● **Exercise**
Output the span of lines from the one that contains "Find the text" through the end of the records, inclusive, exactly as written and free of pictures.

● **Exercise data**
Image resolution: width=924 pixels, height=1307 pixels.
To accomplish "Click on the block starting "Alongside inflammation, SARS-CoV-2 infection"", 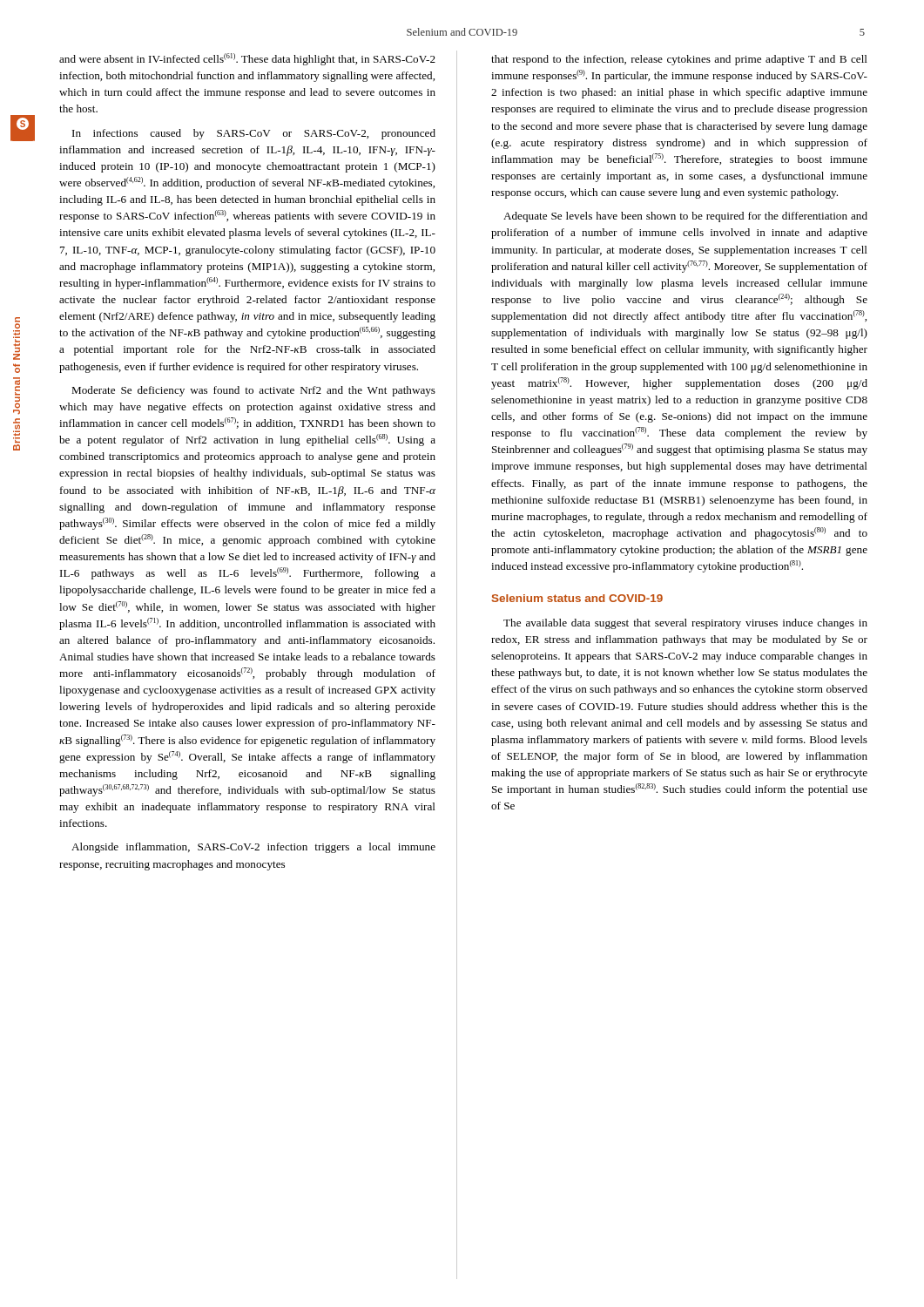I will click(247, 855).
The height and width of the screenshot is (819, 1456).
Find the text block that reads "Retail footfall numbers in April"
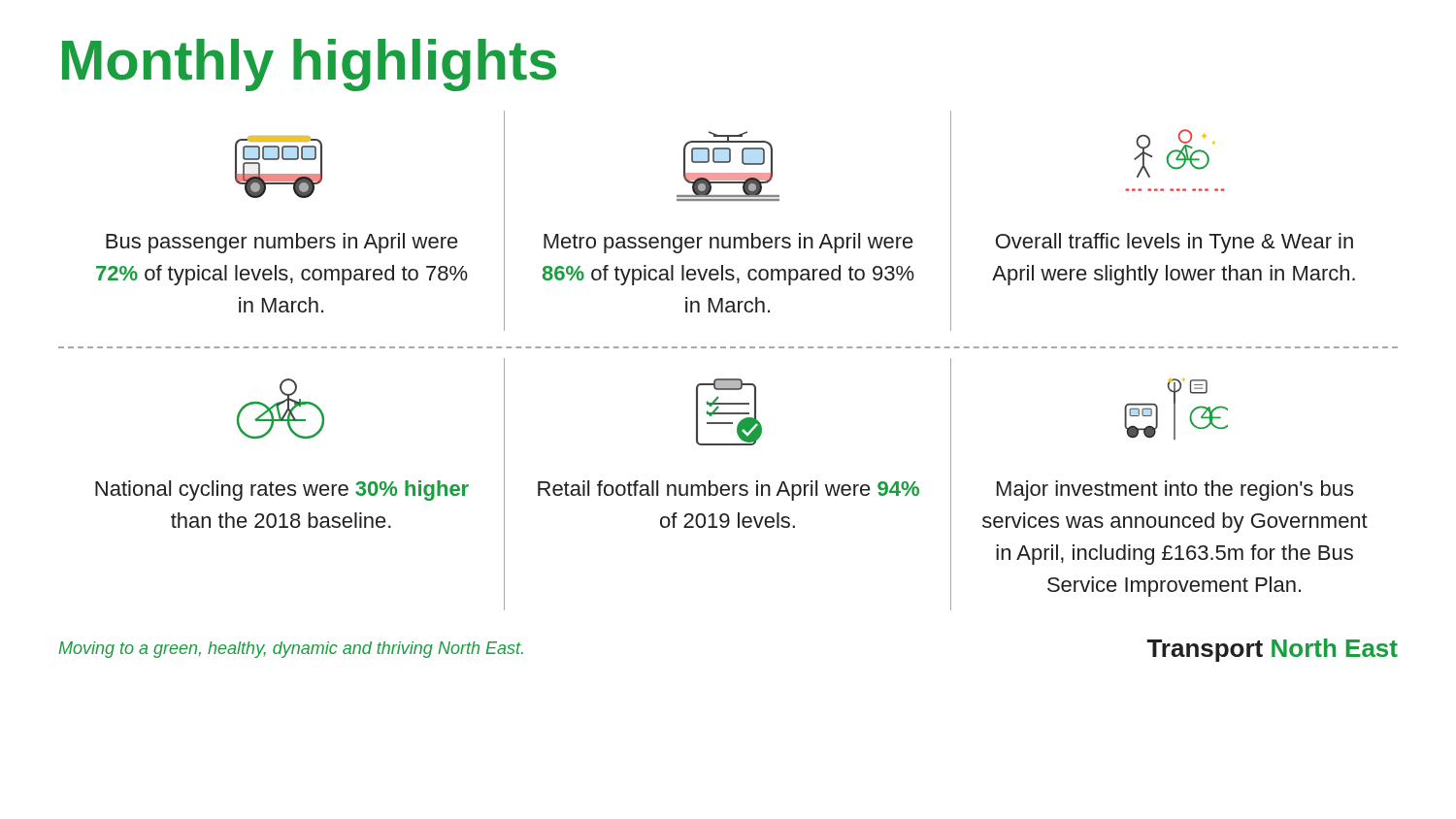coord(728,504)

● **Response to this exercise**
Find the text block that reads "Retail footfall numbers in April"
coord(728,504)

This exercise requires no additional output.